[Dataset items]
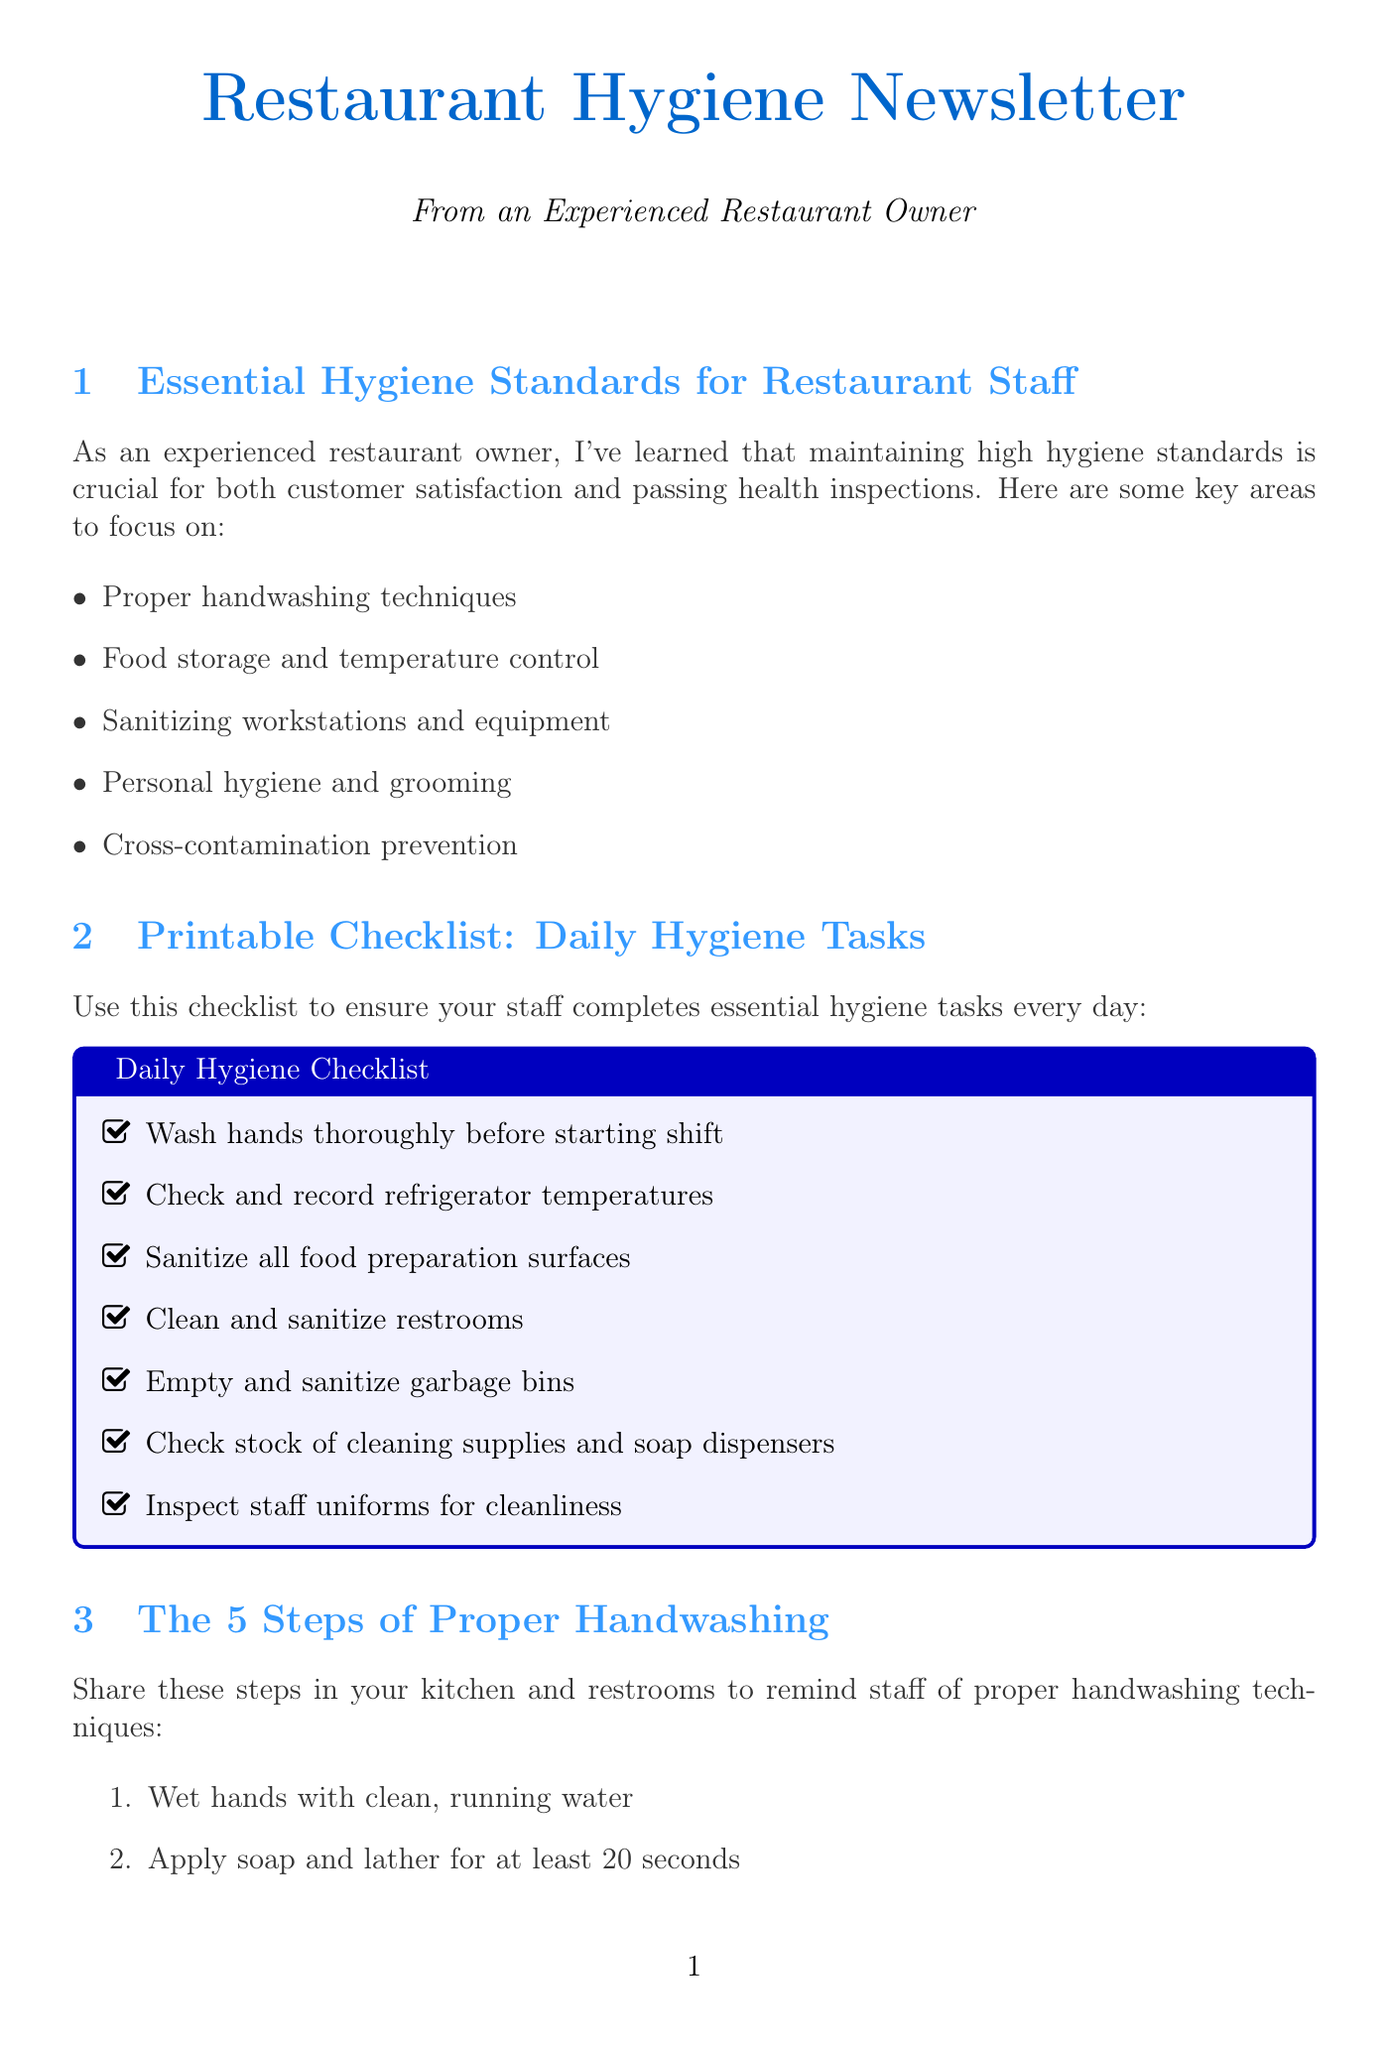What are the key areas to focus on for hygiene standards? The document lists key areas such as proper handwashing techniques, food storage and temperature control, sanitizing workstations and equipment, personal hygiene and grooming, and cross-contamination prevention.
Answer: Proper handwashing techniques, food storage and temperature control, sanitizing workstations and equipment, personal hygiene and grooming, cross-contamination prevention What is included in the daily hygiene checklist? The checklist includes tasks like washing hands, checking refrigerator temperatures, sanitizing surfaces, cleaning restrooms, and inspecting staff uniforms.
Answer: Wash hands thoroughly before starting shift, check and record refrigerator temperatures, sanitize all food preparation surfaces, clean and sanitize restrooms, empty and sanitize garbage bins, check stock of cleaning supplies and soap dispensers, inspect staff uniforms for cleanliness How many steps are there in proper handwashing? The document explicitly states the steps for proper handwashing, which are numbered, indicating the total count.
Answer: 5 What innovative technology is mentioned for maintaining hygiene? The document highlights new hygiene technology, providing a list of solutions to enhance hygiene practices in the restaurant.
Answer: TouchFree hand sanitizer dispensers by Purell, Bluezone by Middleby air purification system, PathSpot hand hygiene verification system, Ecolab's Smartpower dishwasher monitoring system What date and time should staff attend the food safety certification course? The document indicates that the specific date and time are placeholders, meant to be filled in later.
Answer: [DATE] at [TIME] What is the most common violation related to personal hygiene practices? The violations section highlights that poor personal hygiene practices among staff are frequently encountered during health inspections.
Answer: Poor personal hygiene practices among staff 
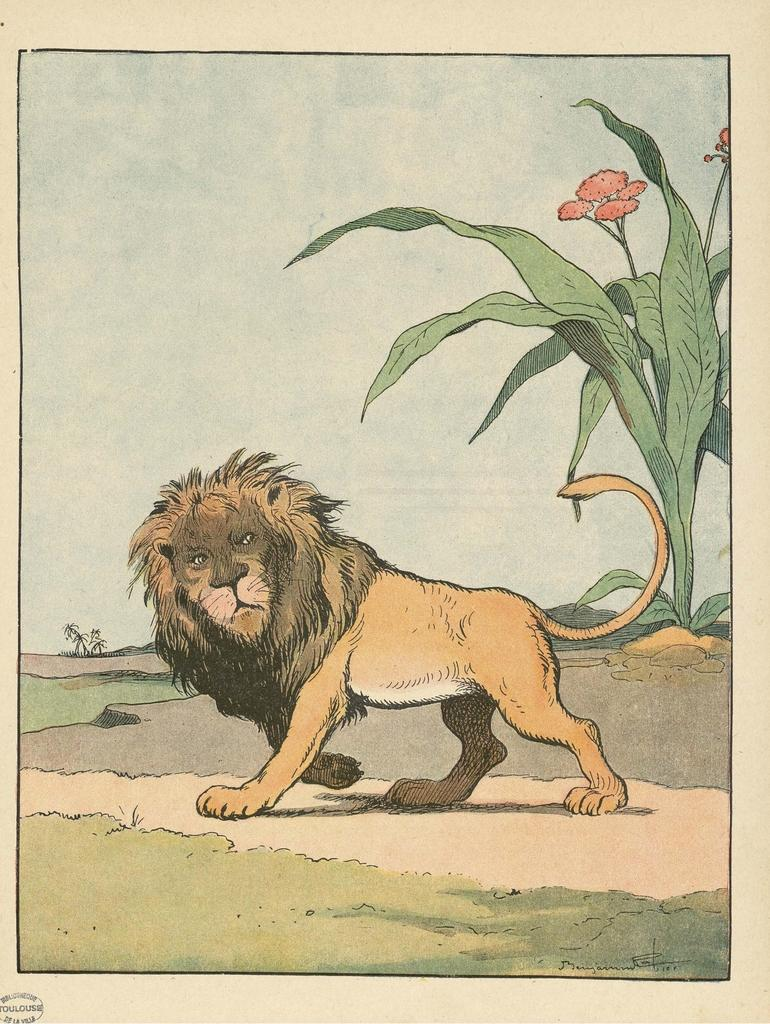What is present in the image that contains images and text? There is a poster in the image that contains images and text. Can you describe the location of the text on the poster? The text is located on the bottom left corner of the poster. What type of comfort can be seen being provided by the balls in the image? There are no balls present in the image, so comfort cannot be provided by them. 
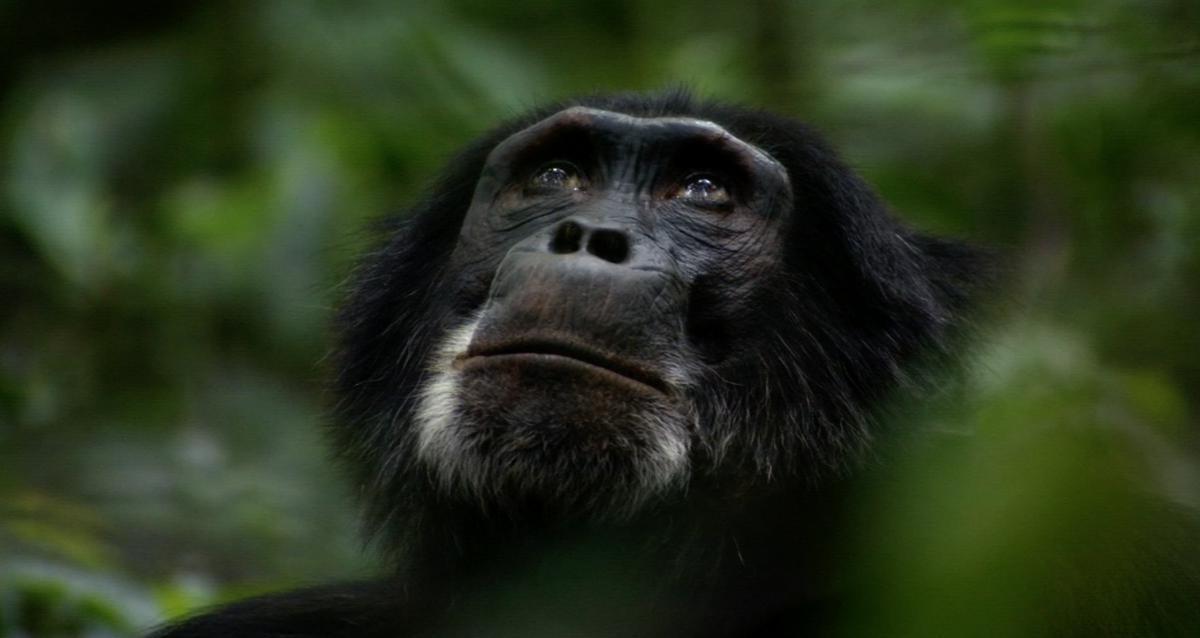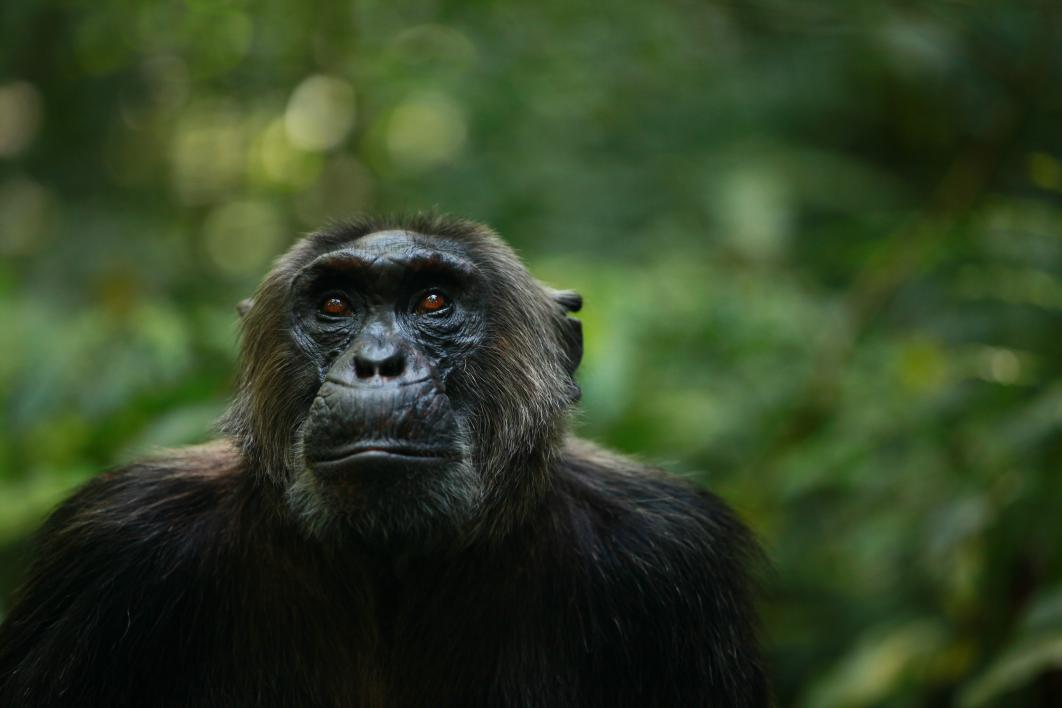The first image is the image on the left, the second image is the image on the right. Analyze the images presented: Is the assertion "Each image contains a single chimpanzee, and the chimps in the left and right images are gazing in the same general direction, but none look straight at the camera with a level gaze." valid? Answer yes or no. Yes. 
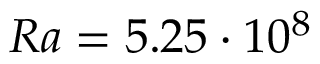Convert formula to latex. <formula><loc_0><loc_0><loc_500><loc_500>R a = 5 . 2 5 \cdot 1 0 ^ { 8 }</formula> 
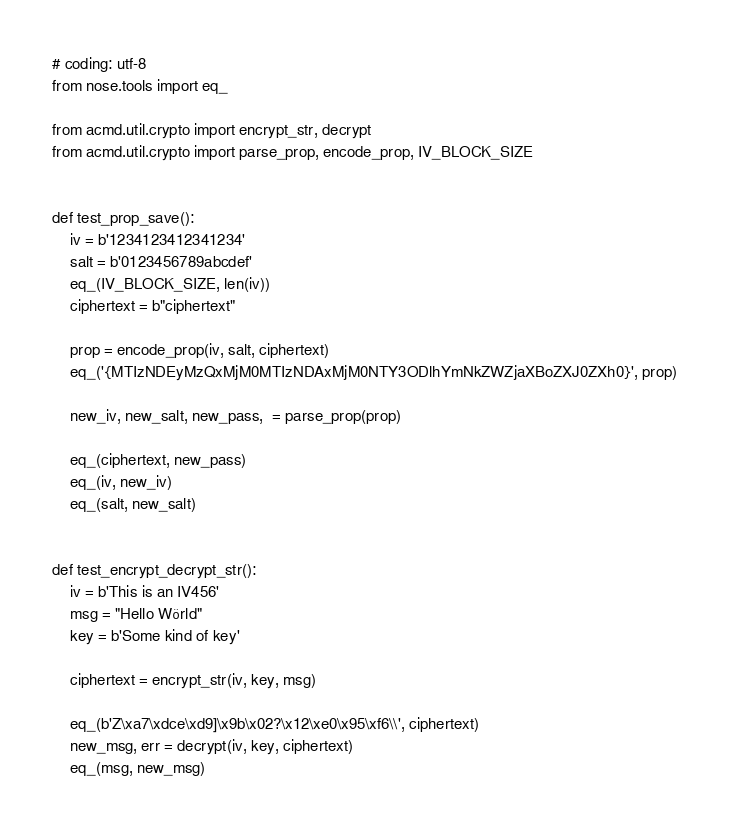<code> <loc_0><loc_0><loc_500><loc_500><_Python_># coding: utf-8
from nose.tools import eq_

from acmd.util.crypto import encrypt_str, decrypt
from acmd.util.crypto import parse_prop, encode_prop, IV_BLOCK_SIZE


def test_prop_save():
    iv = b'1234123412341234'
    salt = b'0123456789abcdef'
    eq_(IV_BLOCK_SIZE, len(iv))
    ciphertext = b"ciphertext"

    prop = encode_prop(iv, salt, ciphertext)
    eq_('{MTIzNDEyMzQxMjM0MTIzNDAxMjM0NTY3ODlhYmNkZWZjaXBoZXJ0ZXh0}', prop)

    new_iv, new_salt, new_pass,  = parse_prop(prop)

    eq_(ciphertext, new_pass)
    eq_(iv, new_iv)
    eq_(salt, new_salt)


def test_encrypt_decrypt_str():
    iv = b'This is an IV456'
    msg = "Hello Wörld"
    key = b'Some kind of key'

    ciphertext = encrypt_str(iv, key, msg)

    eq_(b'Z\xa7\xdce\xd9]\x9b\x02?\x12\xe0\x95\xf6\\', ciphertext)
    new_msg, err = decrypt(iv, key, ciphertext)
    eq_(msg, new_msg)
</code> 
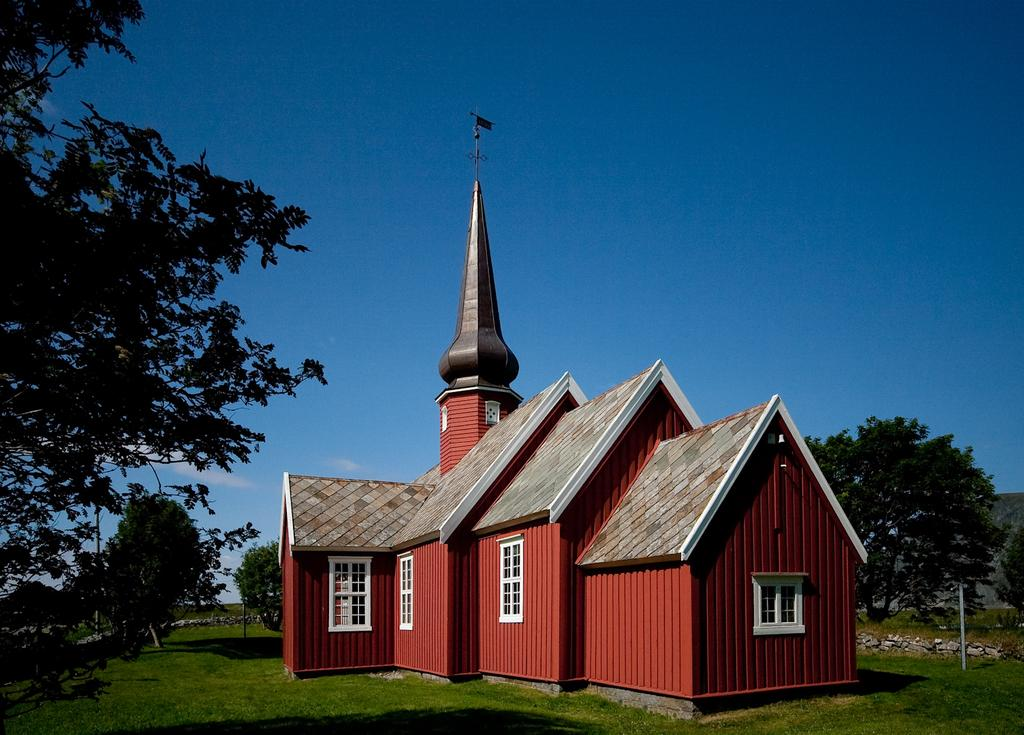What type of structure is visible in the image? There is a house in the image. What type of vegetation can be seen in the image? There are trees and grass in the image. What is visible at the top of the image? The sky is visible at the top of the image. Can you see a goat grazing on the boundary of the house in the image? There is no goat or boundary visible in the image; it only features a house, trees, grass, and the sky. Is there a boat docked near the house in the image? There is no boat present in the image; it only features a house, trees, grass, and the sky. 
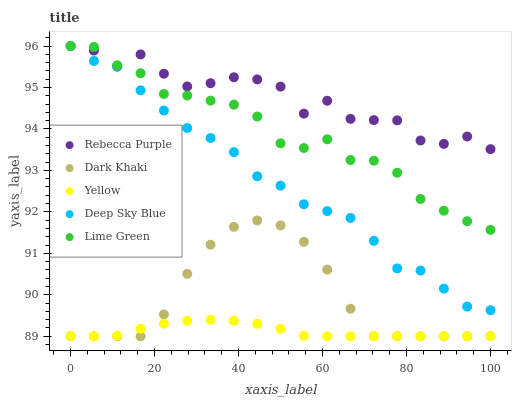Does Yellow have the minimum area under the curve?
Answer yes or no. Yes. Does Rebecca Purple have the maximum area under the curve?
Answer yes or no. Yes. Does Deep Sky Blue have the minimum area under the curve?
Answer yes or no. No. Does Deep Sky Blue have the maximum area under the curve?
Answer yes or no. No. Is Yellow the smoothest?
Answer yes or no. Yes. Is Rebecca Purple the roughest?
Answer yes or no. Yes. Is Deep Sky Blue the smoothest?
Answer yes or no. No. Is Deep Sky Blue the roughest?
Answer yes or no. No. Does Dark Khaki have the lowest value?
Answer yes or no. Yes. Does Deep Sky Blue have the lowest value?
Answer yes or no. No. Does Rebecca Purple have the highest value?
Answer yes or no. Yes. Does Yellow have the highest value?
Answer yes or no. No. Is Yellow less than Lime Green?
Answer yes or no. Yes. Is Deep Sky Blue greater than Dark Khaki?
Answer yes or no. Yes. Does Lime Green intersect Rebecca Purple?
Answer yes or no. Yes. Is Lime Green less than Rebecca Purple?
Answer yes or no. No. Is Lime Green greater than Rebecca Purple?
Answer yes or no. No. Does Yellow intersect Lime Green?
Answer yes or no. No. 
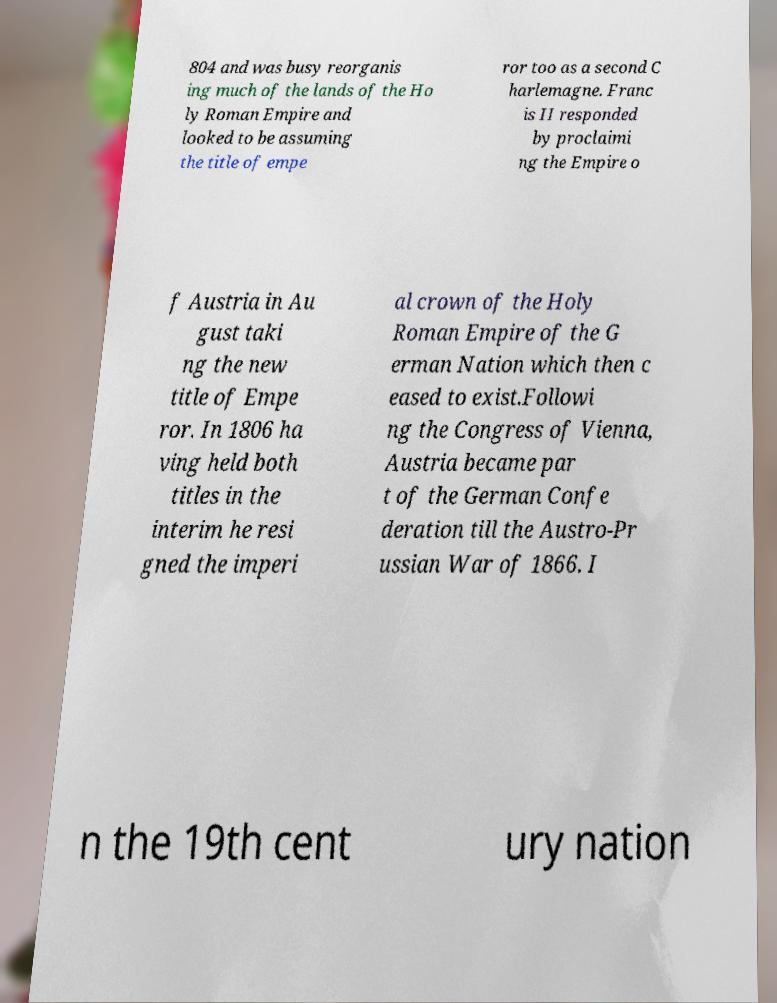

**PROBLEM:**
The expected result is every line above containing the string "greater".

**ANSWER TO THE PROBLEM:**
Answer yes or no. Yes. Is Deep Sky Blue greater than Dark Khaki?
Answer yes or no. No. Is Lime Green greater than Rebecca Purple?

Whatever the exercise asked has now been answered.